# [About this exercise]
For each line of the data below that holds "blocks", copy the line.

══════

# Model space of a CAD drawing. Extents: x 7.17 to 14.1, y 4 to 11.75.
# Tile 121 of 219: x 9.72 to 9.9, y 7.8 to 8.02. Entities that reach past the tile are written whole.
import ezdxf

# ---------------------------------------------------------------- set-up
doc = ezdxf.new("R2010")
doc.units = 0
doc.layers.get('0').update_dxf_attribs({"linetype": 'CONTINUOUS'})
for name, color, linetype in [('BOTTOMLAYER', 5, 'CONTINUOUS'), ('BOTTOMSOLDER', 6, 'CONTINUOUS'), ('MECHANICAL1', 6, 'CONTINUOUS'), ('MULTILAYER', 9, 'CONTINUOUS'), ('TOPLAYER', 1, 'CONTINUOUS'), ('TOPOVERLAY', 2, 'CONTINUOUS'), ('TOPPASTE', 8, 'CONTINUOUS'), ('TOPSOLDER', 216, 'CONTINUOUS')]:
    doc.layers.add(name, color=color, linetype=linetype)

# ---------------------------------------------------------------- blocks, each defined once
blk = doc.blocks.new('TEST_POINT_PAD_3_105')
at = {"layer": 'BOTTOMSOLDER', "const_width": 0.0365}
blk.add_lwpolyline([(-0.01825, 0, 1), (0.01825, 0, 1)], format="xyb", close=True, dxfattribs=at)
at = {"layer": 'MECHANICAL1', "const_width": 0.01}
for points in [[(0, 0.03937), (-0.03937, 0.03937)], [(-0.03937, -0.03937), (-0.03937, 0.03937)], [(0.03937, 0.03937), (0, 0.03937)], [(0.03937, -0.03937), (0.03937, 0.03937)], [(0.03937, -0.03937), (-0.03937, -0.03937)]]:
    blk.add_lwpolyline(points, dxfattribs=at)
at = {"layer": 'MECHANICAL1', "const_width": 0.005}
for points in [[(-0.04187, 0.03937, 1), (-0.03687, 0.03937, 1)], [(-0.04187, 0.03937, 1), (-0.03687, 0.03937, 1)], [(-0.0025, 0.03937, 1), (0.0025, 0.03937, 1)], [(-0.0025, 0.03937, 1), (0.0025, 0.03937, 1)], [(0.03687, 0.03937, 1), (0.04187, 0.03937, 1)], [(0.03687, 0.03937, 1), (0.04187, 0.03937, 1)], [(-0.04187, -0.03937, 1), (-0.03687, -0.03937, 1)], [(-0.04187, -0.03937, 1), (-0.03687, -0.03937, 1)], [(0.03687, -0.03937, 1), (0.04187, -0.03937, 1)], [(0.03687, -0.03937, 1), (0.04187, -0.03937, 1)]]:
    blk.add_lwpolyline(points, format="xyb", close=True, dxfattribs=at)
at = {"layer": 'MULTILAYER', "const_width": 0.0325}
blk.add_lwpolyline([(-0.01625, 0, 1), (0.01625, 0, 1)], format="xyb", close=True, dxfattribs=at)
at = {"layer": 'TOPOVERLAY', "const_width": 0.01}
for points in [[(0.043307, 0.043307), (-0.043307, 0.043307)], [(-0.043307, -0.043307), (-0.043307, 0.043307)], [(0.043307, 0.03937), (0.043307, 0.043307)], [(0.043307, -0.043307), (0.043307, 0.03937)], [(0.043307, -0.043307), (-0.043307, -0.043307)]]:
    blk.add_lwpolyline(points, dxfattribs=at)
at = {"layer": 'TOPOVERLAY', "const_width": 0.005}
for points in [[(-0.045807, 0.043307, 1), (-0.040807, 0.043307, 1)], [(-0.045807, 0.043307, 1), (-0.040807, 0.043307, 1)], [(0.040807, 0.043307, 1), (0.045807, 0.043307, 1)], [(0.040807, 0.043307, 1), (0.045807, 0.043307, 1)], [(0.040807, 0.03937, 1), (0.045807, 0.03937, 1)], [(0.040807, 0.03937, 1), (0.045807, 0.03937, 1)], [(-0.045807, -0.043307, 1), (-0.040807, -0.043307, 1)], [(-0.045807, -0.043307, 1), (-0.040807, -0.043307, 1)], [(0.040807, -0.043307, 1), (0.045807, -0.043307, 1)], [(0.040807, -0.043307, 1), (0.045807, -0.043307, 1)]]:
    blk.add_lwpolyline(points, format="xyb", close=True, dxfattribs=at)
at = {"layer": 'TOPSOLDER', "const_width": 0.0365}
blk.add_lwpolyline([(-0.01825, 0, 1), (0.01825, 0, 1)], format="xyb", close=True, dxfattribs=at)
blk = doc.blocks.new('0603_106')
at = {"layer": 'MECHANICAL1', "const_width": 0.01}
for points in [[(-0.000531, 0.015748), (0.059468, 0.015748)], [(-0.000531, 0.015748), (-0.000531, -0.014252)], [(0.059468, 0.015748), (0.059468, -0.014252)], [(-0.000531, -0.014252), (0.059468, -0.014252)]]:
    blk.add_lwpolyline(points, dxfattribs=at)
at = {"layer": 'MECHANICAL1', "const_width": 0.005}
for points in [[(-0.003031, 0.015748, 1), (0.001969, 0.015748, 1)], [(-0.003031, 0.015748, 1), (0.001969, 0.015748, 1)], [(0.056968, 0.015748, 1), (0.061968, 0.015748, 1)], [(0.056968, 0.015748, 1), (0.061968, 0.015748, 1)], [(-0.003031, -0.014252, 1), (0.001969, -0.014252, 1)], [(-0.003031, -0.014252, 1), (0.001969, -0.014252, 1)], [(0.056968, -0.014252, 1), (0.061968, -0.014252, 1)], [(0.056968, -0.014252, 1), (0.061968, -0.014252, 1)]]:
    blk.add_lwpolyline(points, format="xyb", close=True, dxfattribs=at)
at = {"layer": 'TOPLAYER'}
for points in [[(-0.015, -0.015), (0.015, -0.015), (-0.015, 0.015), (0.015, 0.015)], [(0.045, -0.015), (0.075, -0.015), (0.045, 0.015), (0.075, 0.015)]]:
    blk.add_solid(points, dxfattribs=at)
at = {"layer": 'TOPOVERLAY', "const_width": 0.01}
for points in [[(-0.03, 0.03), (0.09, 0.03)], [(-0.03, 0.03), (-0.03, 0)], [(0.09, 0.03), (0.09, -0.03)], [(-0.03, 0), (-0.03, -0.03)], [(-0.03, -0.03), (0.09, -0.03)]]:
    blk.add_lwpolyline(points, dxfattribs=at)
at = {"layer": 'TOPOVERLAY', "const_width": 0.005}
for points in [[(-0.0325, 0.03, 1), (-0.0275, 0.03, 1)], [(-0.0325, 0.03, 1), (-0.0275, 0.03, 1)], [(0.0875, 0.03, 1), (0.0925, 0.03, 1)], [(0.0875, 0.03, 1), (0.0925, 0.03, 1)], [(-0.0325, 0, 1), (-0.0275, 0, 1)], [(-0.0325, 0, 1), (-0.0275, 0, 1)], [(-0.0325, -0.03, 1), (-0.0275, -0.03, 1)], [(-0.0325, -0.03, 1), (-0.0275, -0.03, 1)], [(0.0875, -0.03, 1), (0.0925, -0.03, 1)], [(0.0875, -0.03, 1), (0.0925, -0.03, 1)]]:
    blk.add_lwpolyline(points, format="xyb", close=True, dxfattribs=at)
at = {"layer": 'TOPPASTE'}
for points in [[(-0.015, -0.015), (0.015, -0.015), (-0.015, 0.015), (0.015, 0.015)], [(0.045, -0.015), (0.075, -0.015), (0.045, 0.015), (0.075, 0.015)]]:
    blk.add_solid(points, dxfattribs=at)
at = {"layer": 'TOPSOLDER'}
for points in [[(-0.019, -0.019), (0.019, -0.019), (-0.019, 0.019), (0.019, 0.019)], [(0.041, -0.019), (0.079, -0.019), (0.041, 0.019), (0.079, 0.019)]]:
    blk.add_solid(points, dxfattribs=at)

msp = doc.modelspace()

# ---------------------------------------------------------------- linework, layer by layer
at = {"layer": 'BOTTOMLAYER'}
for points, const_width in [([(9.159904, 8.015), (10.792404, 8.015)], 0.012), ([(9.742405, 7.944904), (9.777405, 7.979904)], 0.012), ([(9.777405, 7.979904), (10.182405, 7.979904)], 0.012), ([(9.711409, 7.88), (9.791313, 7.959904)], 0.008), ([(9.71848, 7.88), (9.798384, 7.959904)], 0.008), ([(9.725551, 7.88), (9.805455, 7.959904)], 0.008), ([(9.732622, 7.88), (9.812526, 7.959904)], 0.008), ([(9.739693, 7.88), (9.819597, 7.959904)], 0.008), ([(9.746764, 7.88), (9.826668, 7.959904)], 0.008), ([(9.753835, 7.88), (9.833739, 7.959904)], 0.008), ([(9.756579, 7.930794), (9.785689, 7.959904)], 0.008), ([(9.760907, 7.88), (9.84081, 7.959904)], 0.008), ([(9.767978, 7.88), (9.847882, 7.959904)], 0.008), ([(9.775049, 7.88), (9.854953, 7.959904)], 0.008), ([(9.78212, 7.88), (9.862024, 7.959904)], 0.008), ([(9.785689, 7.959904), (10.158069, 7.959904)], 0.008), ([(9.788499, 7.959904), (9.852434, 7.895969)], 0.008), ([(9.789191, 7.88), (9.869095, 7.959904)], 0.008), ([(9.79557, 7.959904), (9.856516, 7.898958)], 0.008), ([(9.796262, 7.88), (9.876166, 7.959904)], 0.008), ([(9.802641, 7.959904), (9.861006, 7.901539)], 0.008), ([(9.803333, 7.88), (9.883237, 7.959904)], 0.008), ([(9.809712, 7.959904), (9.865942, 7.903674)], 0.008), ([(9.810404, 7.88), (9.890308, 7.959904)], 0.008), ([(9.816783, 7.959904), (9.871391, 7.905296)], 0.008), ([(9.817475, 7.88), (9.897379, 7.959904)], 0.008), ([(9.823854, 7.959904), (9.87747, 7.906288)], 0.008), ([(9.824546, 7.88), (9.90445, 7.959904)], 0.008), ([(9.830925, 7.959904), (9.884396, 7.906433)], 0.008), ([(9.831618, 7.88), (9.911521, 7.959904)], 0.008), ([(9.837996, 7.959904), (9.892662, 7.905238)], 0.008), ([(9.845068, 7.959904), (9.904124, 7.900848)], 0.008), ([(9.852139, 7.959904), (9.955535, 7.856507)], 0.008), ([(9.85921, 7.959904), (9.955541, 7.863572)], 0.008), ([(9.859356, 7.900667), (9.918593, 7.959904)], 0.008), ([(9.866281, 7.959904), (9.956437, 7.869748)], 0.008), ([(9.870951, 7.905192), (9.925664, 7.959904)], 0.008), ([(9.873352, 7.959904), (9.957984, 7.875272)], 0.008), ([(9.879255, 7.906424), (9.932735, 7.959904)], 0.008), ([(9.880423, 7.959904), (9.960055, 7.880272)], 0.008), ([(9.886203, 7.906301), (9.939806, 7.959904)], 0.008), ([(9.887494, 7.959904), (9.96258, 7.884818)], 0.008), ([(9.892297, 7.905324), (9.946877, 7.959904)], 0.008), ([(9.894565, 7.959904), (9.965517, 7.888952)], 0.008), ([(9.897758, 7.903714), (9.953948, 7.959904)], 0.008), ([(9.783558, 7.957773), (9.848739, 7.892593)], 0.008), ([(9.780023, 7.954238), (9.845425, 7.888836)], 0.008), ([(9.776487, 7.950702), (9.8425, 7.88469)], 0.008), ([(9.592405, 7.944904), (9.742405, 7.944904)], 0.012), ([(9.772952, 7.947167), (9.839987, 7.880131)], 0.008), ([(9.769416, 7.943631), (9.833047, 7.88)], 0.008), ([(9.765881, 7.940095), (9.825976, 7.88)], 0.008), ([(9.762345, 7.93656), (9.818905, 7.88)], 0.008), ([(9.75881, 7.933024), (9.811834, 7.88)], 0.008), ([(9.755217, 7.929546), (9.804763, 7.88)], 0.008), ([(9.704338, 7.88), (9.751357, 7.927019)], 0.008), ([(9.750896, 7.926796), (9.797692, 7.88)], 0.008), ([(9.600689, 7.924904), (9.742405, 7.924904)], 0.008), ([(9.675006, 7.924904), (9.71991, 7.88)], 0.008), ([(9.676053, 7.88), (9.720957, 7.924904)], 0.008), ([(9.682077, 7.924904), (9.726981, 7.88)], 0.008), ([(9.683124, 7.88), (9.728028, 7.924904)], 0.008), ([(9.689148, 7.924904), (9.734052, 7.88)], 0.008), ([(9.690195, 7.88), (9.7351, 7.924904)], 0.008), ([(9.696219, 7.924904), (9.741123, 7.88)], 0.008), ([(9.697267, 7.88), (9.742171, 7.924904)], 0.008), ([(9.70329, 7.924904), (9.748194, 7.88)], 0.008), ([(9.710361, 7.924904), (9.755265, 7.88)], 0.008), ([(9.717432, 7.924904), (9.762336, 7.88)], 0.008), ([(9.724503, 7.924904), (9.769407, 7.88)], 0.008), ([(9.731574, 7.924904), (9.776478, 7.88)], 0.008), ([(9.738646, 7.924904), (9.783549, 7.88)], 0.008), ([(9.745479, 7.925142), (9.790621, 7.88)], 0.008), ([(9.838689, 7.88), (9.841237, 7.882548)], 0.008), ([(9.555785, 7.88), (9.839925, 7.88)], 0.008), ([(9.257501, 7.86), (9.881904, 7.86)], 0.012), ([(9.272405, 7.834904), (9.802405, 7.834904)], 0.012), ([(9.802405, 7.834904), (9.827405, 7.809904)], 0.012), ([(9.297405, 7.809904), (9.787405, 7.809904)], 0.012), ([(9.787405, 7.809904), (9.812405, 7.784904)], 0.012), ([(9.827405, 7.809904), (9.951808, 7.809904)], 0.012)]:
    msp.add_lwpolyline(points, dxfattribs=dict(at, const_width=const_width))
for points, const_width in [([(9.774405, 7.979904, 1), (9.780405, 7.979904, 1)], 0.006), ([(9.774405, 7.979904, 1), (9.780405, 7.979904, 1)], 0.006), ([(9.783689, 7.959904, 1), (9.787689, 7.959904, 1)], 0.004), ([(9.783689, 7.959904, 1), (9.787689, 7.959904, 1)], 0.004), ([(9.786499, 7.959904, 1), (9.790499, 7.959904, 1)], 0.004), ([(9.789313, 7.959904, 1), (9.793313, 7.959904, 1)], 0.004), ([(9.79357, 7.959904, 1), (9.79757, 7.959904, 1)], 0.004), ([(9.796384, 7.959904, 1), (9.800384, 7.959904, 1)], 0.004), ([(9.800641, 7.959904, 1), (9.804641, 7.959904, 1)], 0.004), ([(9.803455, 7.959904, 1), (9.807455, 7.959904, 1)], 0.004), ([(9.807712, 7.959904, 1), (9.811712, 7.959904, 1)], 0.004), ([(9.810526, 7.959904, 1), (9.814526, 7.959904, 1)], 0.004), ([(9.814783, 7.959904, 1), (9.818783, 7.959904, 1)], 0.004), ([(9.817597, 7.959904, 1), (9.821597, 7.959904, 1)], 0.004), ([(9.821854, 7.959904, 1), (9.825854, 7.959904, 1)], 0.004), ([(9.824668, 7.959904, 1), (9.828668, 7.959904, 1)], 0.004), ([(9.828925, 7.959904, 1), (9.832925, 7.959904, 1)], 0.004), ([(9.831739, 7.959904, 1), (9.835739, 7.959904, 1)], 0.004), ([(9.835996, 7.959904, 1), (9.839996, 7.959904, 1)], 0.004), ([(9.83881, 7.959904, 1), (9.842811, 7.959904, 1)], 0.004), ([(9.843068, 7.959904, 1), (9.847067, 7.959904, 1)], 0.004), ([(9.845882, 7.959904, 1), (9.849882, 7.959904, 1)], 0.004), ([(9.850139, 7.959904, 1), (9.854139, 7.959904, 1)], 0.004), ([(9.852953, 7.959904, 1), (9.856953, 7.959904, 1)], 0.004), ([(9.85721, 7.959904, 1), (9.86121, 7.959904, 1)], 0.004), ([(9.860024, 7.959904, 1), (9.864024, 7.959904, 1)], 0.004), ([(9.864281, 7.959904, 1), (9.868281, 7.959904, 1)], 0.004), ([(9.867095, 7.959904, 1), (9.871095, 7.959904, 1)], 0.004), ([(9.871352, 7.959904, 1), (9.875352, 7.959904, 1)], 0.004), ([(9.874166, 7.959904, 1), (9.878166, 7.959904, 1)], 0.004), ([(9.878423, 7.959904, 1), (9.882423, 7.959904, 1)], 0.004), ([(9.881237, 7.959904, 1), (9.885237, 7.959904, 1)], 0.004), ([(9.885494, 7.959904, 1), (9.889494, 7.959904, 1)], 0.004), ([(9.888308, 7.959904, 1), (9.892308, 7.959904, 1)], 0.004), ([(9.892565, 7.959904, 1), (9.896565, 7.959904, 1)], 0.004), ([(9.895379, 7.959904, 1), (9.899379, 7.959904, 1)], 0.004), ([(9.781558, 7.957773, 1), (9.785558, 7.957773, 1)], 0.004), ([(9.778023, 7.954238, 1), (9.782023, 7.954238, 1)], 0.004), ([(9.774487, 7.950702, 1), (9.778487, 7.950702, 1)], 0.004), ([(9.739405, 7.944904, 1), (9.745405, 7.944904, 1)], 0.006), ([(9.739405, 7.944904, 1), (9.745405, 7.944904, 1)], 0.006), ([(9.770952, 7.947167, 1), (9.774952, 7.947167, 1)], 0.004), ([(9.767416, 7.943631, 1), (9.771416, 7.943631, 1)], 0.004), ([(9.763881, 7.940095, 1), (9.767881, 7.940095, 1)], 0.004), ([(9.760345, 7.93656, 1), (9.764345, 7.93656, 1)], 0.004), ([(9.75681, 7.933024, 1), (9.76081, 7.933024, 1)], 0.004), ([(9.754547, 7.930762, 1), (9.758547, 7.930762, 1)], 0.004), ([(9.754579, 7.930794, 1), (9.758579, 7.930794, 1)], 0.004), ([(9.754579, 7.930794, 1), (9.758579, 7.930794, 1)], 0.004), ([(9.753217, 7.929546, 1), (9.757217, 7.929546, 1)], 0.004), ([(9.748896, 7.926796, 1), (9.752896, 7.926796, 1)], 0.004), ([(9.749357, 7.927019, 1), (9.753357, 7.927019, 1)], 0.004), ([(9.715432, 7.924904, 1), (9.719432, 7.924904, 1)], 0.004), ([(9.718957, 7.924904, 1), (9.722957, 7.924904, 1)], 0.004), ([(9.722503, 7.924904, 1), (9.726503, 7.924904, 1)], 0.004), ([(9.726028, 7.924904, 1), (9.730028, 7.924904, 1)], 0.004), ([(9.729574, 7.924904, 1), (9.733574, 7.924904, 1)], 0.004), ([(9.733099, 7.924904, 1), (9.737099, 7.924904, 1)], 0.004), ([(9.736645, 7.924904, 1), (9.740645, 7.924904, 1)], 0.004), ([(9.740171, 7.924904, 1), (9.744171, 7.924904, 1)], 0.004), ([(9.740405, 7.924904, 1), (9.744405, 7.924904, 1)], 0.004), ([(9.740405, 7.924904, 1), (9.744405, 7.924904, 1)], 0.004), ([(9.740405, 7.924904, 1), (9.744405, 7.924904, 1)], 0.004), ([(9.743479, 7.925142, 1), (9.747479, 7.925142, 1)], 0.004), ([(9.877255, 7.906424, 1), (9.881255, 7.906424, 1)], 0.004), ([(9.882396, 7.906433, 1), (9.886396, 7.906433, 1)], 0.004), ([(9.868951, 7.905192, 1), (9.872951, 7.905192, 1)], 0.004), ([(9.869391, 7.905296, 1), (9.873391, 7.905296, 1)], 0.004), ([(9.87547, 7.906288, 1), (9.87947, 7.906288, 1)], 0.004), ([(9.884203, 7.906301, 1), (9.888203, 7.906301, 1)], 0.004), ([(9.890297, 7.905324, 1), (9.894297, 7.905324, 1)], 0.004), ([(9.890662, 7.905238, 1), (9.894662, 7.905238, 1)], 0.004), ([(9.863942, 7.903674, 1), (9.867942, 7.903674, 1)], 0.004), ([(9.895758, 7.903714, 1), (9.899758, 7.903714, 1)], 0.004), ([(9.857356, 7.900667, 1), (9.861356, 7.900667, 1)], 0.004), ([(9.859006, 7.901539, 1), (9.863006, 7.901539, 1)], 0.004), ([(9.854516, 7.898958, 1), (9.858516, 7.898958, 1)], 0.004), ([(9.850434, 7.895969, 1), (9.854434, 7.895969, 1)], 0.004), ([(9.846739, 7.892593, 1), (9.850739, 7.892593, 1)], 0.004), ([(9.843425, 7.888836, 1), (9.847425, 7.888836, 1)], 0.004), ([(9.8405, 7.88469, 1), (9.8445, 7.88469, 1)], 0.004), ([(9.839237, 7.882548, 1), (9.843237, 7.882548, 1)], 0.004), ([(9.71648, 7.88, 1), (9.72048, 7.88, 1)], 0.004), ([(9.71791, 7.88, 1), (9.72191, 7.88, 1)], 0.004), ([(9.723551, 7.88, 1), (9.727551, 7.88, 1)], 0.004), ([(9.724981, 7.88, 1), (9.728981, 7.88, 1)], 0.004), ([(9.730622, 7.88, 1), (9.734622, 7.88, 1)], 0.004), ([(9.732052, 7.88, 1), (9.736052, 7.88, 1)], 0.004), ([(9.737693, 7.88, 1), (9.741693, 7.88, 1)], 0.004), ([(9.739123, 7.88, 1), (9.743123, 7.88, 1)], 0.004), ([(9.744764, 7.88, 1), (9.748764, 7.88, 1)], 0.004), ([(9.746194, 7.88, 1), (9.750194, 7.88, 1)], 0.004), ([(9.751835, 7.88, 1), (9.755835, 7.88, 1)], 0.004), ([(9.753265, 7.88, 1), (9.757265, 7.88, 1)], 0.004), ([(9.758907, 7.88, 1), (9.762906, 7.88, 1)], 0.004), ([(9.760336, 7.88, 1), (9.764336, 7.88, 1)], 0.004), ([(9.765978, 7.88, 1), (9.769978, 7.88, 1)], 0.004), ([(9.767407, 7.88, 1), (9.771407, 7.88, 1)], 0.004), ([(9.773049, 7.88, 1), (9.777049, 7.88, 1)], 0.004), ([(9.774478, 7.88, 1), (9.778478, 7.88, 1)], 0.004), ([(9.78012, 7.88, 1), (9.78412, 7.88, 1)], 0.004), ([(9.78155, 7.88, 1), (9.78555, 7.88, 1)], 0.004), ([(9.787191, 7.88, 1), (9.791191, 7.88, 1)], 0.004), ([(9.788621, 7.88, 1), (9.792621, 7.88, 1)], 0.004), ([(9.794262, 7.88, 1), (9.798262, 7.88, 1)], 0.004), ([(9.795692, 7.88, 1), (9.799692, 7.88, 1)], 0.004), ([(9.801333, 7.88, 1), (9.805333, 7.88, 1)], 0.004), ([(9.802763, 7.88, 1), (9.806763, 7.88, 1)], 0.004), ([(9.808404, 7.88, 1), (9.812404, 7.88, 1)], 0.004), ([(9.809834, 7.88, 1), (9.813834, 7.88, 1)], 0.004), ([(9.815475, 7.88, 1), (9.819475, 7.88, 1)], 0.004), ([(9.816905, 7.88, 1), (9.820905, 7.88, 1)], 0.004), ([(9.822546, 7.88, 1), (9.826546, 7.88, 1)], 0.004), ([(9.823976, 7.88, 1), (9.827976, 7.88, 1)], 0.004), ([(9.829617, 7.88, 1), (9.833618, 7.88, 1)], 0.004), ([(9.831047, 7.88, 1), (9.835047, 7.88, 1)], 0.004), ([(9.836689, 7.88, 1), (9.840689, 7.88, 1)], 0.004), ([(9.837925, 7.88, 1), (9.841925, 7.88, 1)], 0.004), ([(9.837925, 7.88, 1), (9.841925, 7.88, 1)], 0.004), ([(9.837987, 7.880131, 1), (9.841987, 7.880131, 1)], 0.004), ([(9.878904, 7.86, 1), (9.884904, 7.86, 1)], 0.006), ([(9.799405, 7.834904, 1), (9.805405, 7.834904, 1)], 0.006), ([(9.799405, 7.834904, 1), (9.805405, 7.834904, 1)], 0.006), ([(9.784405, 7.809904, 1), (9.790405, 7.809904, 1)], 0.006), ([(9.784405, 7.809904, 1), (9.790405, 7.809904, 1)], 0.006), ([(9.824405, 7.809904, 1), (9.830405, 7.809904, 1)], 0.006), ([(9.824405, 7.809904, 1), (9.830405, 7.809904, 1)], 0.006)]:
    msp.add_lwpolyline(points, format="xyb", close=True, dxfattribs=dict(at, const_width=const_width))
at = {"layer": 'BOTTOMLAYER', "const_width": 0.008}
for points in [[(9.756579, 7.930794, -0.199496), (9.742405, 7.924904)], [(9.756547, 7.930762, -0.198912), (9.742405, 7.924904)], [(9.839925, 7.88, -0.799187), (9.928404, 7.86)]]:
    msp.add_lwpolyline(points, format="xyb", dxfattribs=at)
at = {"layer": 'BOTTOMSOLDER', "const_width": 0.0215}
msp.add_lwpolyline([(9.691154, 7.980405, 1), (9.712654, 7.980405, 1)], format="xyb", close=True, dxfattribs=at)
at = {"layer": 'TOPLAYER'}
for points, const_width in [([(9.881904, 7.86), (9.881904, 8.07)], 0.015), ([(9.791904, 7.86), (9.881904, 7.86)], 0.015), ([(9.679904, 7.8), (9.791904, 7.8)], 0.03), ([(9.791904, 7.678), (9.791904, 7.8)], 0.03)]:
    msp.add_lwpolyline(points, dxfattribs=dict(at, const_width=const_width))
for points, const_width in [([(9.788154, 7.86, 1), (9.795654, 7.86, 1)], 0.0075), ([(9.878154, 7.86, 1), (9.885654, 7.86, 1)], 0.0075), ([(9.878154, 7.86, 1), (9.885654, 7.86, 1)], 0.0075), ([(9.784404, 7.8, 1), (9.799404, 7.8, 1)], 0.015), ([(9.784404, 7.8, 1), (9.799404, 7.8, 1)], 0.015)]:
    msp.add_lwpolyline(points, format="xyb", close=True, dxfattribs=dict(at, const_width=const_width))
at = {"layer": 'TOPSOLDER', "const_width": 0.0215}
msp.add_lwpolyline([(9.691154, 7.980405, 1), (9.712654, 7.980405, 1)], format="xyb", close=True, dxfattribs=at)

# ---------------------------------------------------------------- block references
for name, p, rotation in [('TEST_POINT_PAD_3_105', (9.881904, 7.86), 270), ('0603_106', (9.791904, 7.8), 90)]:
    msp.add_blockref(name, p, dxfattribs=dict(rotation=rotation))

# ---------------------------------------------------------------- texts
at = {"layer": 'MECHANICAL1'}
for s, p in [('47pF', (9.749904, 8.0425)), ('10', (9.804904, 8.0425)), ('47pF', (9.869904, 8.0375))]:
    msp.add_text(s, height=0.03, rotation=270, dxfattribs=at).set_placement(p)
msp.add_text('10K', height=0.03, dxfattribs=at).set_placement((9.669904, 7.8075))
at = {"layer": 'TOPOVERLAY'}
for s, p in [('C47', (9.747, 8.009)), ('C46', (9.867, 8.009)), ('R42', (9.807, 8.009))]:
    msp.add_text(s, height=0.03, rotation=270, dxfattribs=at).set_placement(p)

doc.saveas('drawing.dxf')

══════

# [Answer]
# ---------------------------------------------------------------- blocks, each defined once
blk = doc.blocks.new('TEST_POINT_PAD_3_105')
blk = doc.blocks.new('0603_106')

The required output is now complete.